Some questions test whether students can correctly apply typographic/punctuation conventions — italics, underlining, or quotation marks for titles of works. For these questions, **the formatting markup in the answer options IS the substance of the correct answer**, not decoration.

**How to identify a formatting-convention question:**
- The standard explicitly targets conventions like "use italics, underlining, or quotation marks to indicate titles of works" (e.g., CCSS.ELA-LITERACY.L.x.2.D)
- The question stem asks students to identify or apply correct formatting (e.g., "Which sentence uses the title correctly?", "Which revision follows the editor's note?", "Select the sentences that show the title of a work correctly.")

**MANDATORY three-way alignment check for formatting-convention questions:**

The question stem, the answer options (raw markup), and the `answer_explanation` must all independently agree. Do NOT use `answer_explanation` as your sole source of truth — the explanation may be absent, wrong, or misleading.

Verify all three of the following:

1. **Option correctness** — Based on the standard and stem alone (ignoring the explanation), determine what correct formatting looks like for each work type (book → `<i>` or `<u>`; poem/article/song/chapter → `"..."`). Read each option's raw text/markup and verify:
   - The designated correct answer option actually contains the required markup applied to the right word(s).
   - If the correct answer option's markup does NOT match what the standard requires → `factual_accuracy = 0.0`.

2. **Distractor validity** — Verify that none of the incorrect options accidentally also contains correct formatting, which would make it an additional correct answer. If a distractor is accidentally correct → `factual_accuracy = 0.0`.

3. **Explanation alignment** — Verify that `answer_explanation` (if present) agrees with your independent assessment from steps 1 and 2. A mismatch between the explanation and the actual option text → `factual_accuracy = 0.0`.

**If `answer_explanation` is absent**: Do NOT assume correctness. Perform steps 1 and 2 from the raw option text alone.
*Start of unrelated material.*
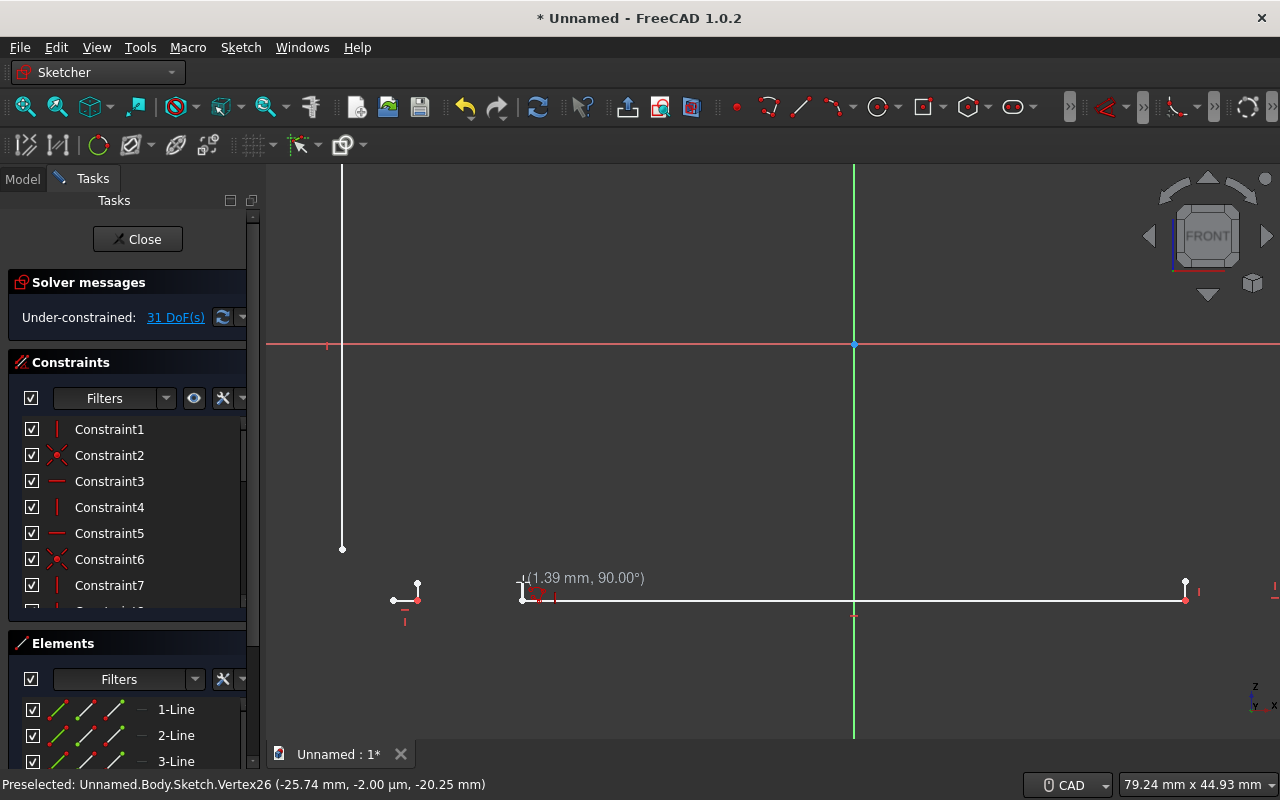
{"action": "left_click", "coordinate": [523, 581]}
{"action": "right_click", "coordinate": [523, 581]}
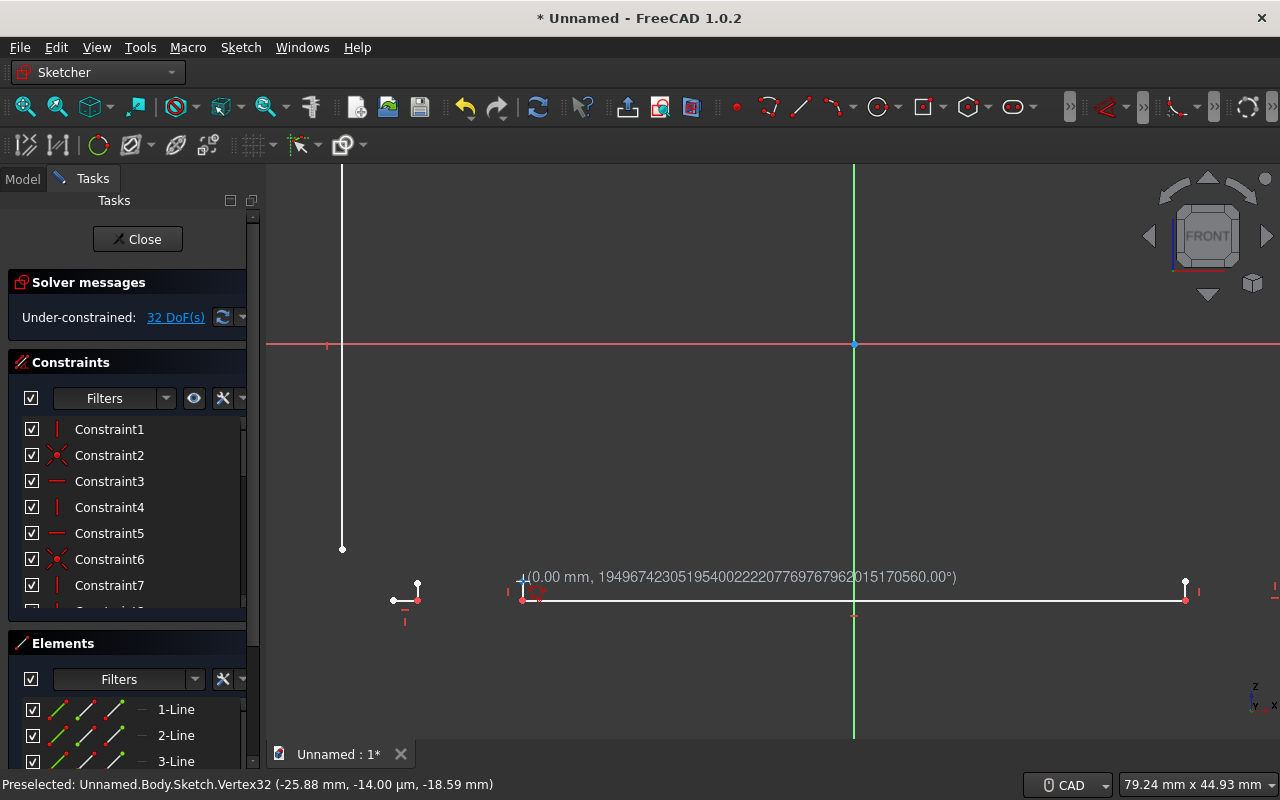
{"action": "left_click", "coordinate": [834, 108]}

A missing explanation is not itself a failure, but it removes the safety net — the options must stand on their own.

**This does NOT change the general rendering assumption** — for non-formatting-convention questions, references to formatting in the stem are still assumed to render correctly and are never a clarity issue.

**FORMATTING-CONVENTION MISMATCH** (applies when the question tests formatting conventions):
- The designated correct answer option does not actually contain the required formatting markup in its raw text (e.g., answer key says C but option C's text has no `<i>`, `<u>`, or `"..."` on the title)
- A distractor option accidentally contains the correct formatting, making it also a valid answer
- The `answer_explanation` (when present) describes formatting that does not exist in the actual option text, or agrees with an option that is not correctly formatted
- **CRITICAL**: Always read each option's raw markup directly to verify. Do NOT infer option correctness from the explanation alone. If `answer_explanation` is absent, verify options 1 and 2 from raw text only.